WHAT THIS TASK INVOLVES. Every line from the one with "Answer: 4500 Is" to the one with "Answer: 1300", including those two, is to be copied exactly; all other lines of the entries below are left out.

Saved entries
<<<<

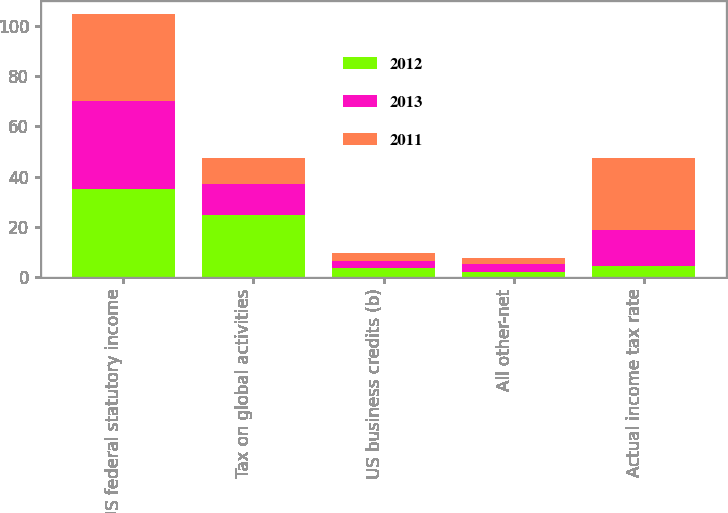Convert chart. <chart><loc_0><loc_0><loc_500><loc_500><stacked_bar_chart><ecel><fcel>US federal statutory income<fcel>Tax on global activities<fcel>US business credits (b)<fcel>All other-net<fcel>Actual income tax rate<nl><fcel>2012<fcel>35<fcel>24.7<fcel>3.6<fcel>1.8<fcel>4.2<nl><fcel>2013<fcel>35<fcel>12.5<fcel>2.6<fcel>3.4<fcel>14.6<nl><fcel>2011<fcel>35<fcel>10.4<fcel>3.2<fcel>2.2<fcel>28.5<nl></chart> 
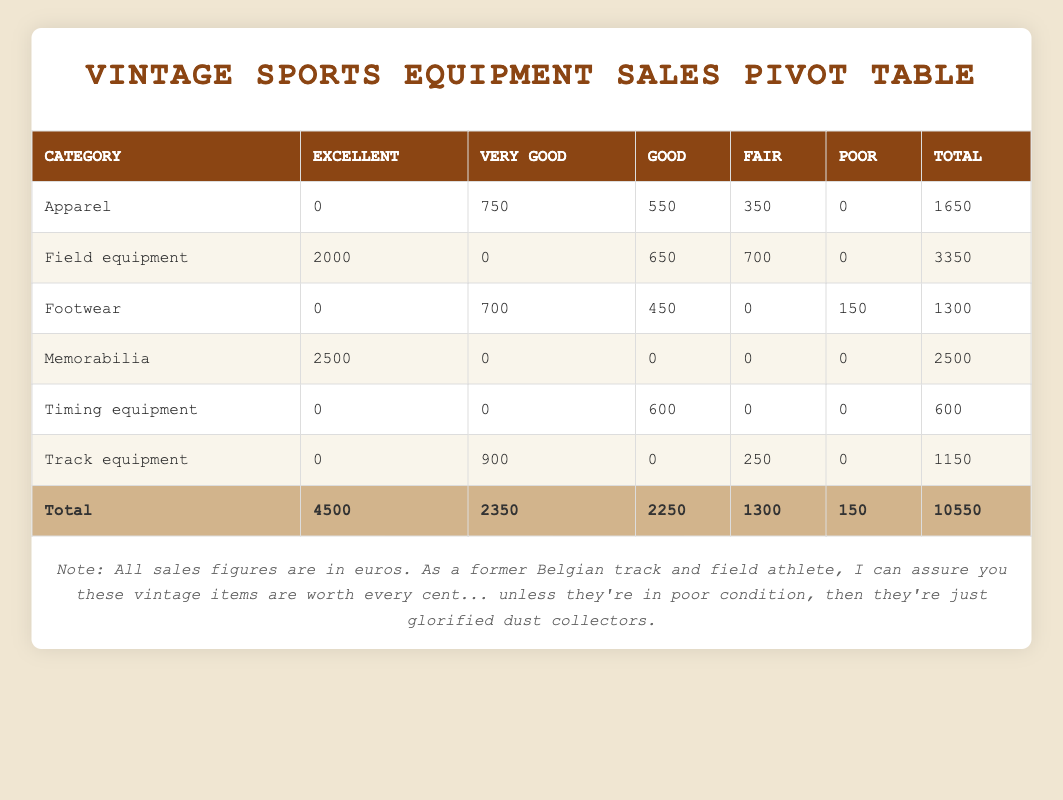What item category had the highest total sales? To find the highest total sales, we look at the "Total" column in the last row. The category "Field equipment" has a total of 3350 euros, which is higher than any other category.
Answer: Field equipment How many items in the 'Apparel' category are rated as 'Fair'? Checking the "Apparel" row, there is one item listed with a "Fair" condition, which is the 1970s Belgian national team warm-up jacket, accounting for 350 euros in sales.
Answer: 1 What is the total sales value for items rated as 'Excellent'? Summing the sales for all categories with 'Excellent' condition: 2000 (Field equipment) + 2500 (Memorabilia) + 0 (Apparel) + 0 (Footwear) + 0 (Timing equipment) + 0 (Track equipment) = 4500 euros.
Answer: 4500 Is there any item that has a 'Poor' condition in the 'Timing equipment' category? Looking under the "Timing equipment" category, the total sales for 'Poor' condition is 0, meaning there are no items listed there in that condition.
Answer: No What is the difference in total sales between the 'Very good' and 'Fair' condition ratings? First, sum the total sales for 'Very good' condition: 750 (Apparel) + 0 (Field equipment) + 700 (Footwear) + 0 (Memorabilia) + 0 (Timing equipment) + 900 (Track equipment) = 2350 euros. Then, for 'Fair': 350 (Apparel) + 700 (Field equipment) + 0 (Footwear) + 0 (Memorabilia) + 0 (Timing equipment) + 250 (Track equipment) = 1300 euros. The difference is 2350 - 1300 = 1050 euros.
Answer: 1050 What is the combined total sales of all 'Footwear' items? To find the total sales for 'Footwear', sum the sales: 0 (Excellent) + 700 (Very good) + 450 (Good) + 0 (Fair) + 150 (Poor) = 1300 euros.
Answer: 1300 
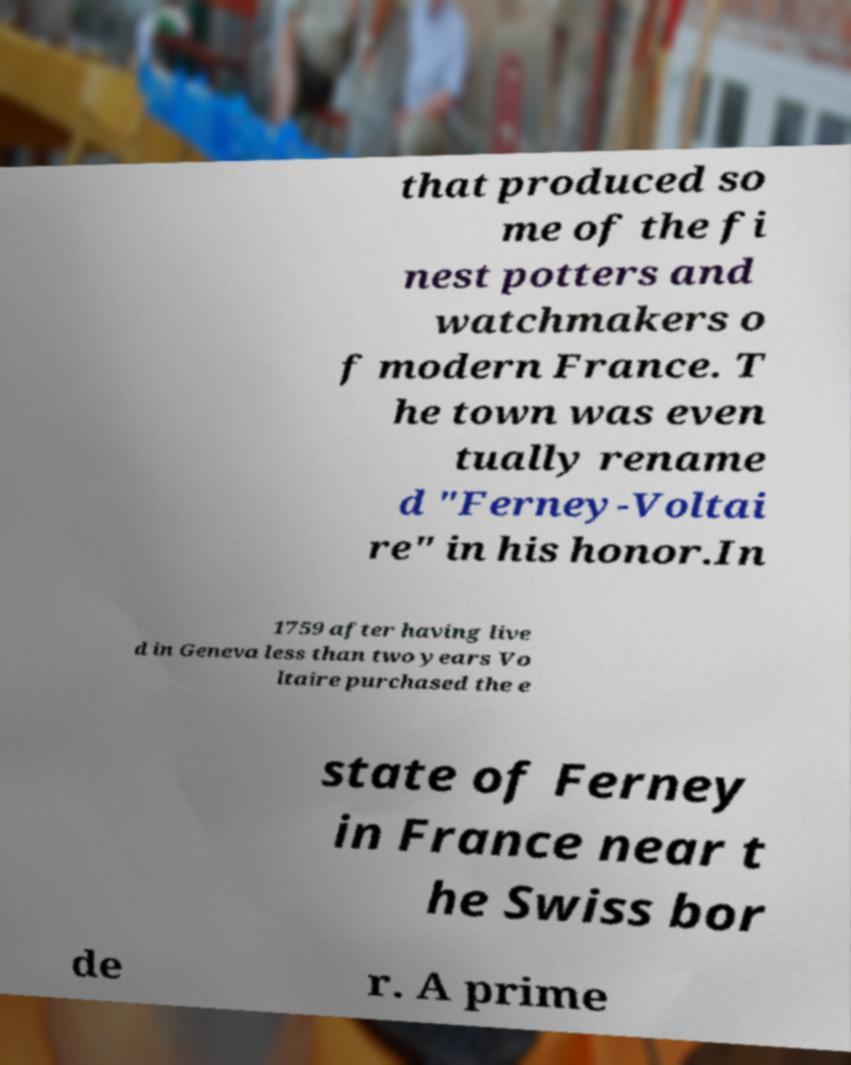Can you accurately transcribe the text from the provided image for me? that produced so me of the fi nest potters and watchmakers o f modern France. T he town was even tually rename d "Ferney-Voltai re" in his honor.In 1759 after having live d in Geneva less than two years Vo ltaire purchased the e state of Ferney in France near t he Swiss bor de r. A prime 
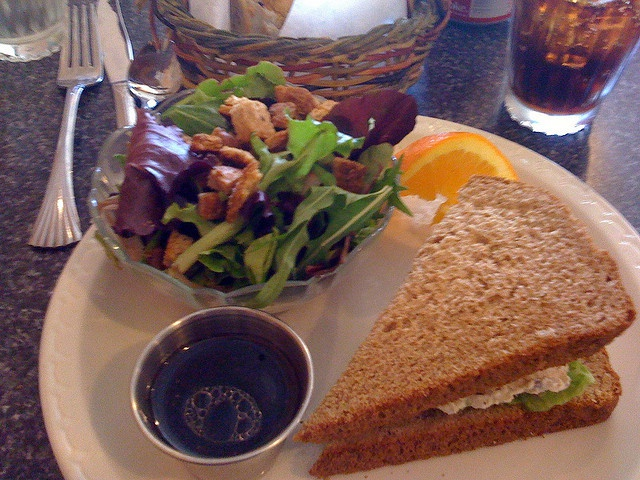Describe the objects in this image and their specific colors. I can see sandwich in gray, salmon, maroon, brown, and tan tones, bowl in gray, purple, and lavender tones, bowl in gray, black, and maroon tones, cup in gray, navy, purple, and brown tones, and bowl in gray, olive, and maroon tones in this image. 
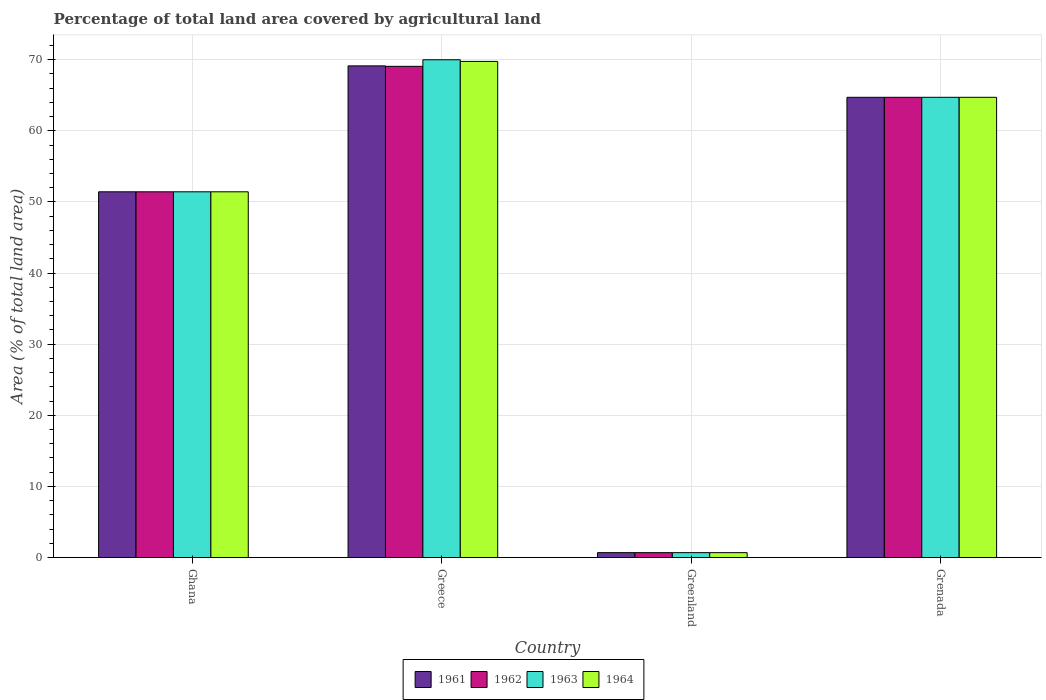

>>>>

RESULT OF THIS TASK.
Answer: 4500 Is there any item that has a 'Poor' condition in the 'Timing equipment' category? Looking under the "Timing equipment" category, the total sales for 'Poor' condition is 0, meaning there are no items listed there in that condition.
Answer: No What is the difference in total sales between the 'Very good' and 'Fair' condition ratings? First, sum the total sales for 'Very good' condition: 750 (Apparel) + 0 (Field equipment) + 700 (Footwear) + 0 (Memorabilia) + 0 (Timing equipment) + 900 (Track equipment) = 2350 euros. Then, for 'Fair': 350 (Apparel) + 700 (Field equipment) + 0 (Footwear) + 0 (Memorabilia) + 0 (Timing equipment) + 250 (Track equipment) = 1300 euros. The difference is 2350 - 1300 = 1050 euros.
Answer: 1050 What is the combined total sales of all 'Footwear' items? To find the total sales for 'Footwear', sum the sales: 0 (Excellent) + 700 (Very good) + 450 (Good) + 0 (Fair) + 150 (Poor) = 1300 euros.
Answer: 1300 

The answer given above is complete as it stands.